A recent and regular national survey of the Australian public (17,500 people) shows that people are much more likely to excuse abusive behaviours in the home than they were 20 years ago. 1
For example, half of all Australians believe that women could leave if they really wanted to leave. Shockingly, one in five Australians believe violence can be excused if the offender later regrets it.
Community attitudes shape the way we respond to domestic violence. 2 If a large proportion of the public have a tendency to excuse, trivialise, and minimise abuse, of course victims will be reluctant to leave their violent partners.
Common attitudes that underpin violence towards women
“Violence against women isn’t good but it’s understandable”

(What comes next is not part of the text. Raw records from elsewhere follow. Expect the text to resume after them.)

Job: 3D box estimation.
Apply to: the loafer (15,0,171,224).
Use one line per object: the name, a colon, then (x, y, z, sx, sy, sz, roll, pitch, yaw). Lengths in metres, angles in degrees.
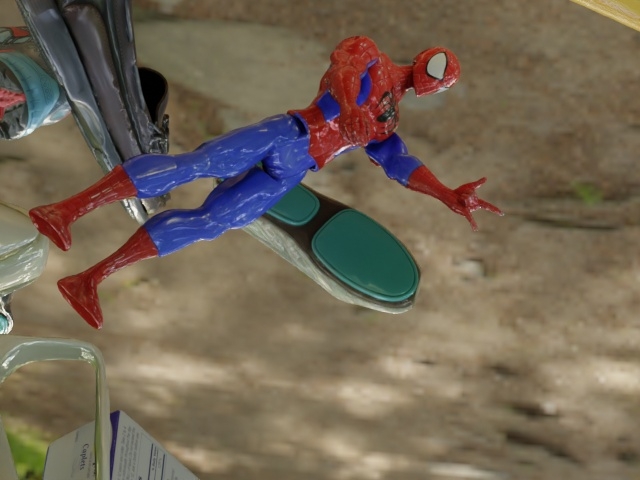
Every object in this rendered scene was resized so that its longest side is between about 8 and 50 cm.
loafer: (-0.162, -0.122, 1.295, 0.095, 0.109, 0.302, -29, 146, -7)

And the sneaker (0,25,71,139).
sneaker: (-0.291, -0.160, 1.527, 0.125, 0.104, 0.262, -19, -154, -27)

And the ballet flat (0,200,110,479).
ballet flat: (-0.237, 0.089, 1.031, 0.182, 0.483, 0.164, -21, 159, -5)

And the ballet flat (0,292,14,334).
ballet flat: (-0.385, 0.061, 1.826, 0.074, 0.074, 0.203, 8, 157, -8)

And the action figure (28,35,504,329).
action figure: (-0.011, -0.034, 0.905, 0.139, 0.280, 0.091, 34, 149, 45)

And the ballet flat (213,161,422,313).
ballet flat: (0.000, 0.000, 1.002, 0.168, 0.057, 0.052, 38, 153, 24)

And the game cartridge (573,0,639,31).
game cartridge: (0.040, -0.242, 0.908, 0.323, 0.285, 0.053, 13, 120, -37)

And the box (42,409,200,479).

This is the idea that it is excusable for men to use violence in certain circumstances like if they lose control, that they cannot always be held responsible for their actions, or that some kinds of violence (such as sexual harassment) are not serious.
“It’s ok for men to control their household and their wife’s public life and relationships”
This is the idea that men should be the head of the household, decide how money is spent, control who their female partner can or cannot see and specify how she should spend her time.
“Women and men are just naturally different and women are more suited to domestic tasks while men should be the breadwinners”
This is the idea that women and men, and girls and boys, should act in certain ways or fulfill certain roles, in the home and outside of the home. It includes double standards concerning what is acceptable for men and women.
“Aggressive behaviour is just natural for men”
This is reflected in the way some groups of men ‘bond’ or seek to prove their ‘manhood’ through actions that are negative, hostile or aggressive towards women, like ‘pickup artists’ or catcalling/wolf-whistling, or speaking disrespectfully about women generally or their female partners in the company of other men.
What can we do?
We can address these kinds of attitudes by:
- Recognising leadership skills in women in our churches and nurturing these gifts, ensuring a significant number of formal leadership positions are filled by women
- Challenging the idea that violence and/or aggression is a normal expression of being a man
- Calling out comments and systems that communicate male control and that female exclusion is acceptable
- Calling out comments and systems that say male aggression and/or aggressive conquests are a natural part of ‘going out with the boys’
- Modelling and teaching respectful relationship skills and healthy social connections
- Challenging cultural norms that restrict men and women to playing certain roles at church, home and work
- Recognising where we are diminishing or undervaluing women’s work (both paid and unpaid).
We also know that gender stereotypes can be reinforced and sustained through popular culture and media, such as by:
- Blaming victims of violence
- Inaccurate reporting on family violence 3
- The sexualisation of women and girls
- The depiction of gender stereotypes that reinforce power imbalances (such as that of the male breadwinner)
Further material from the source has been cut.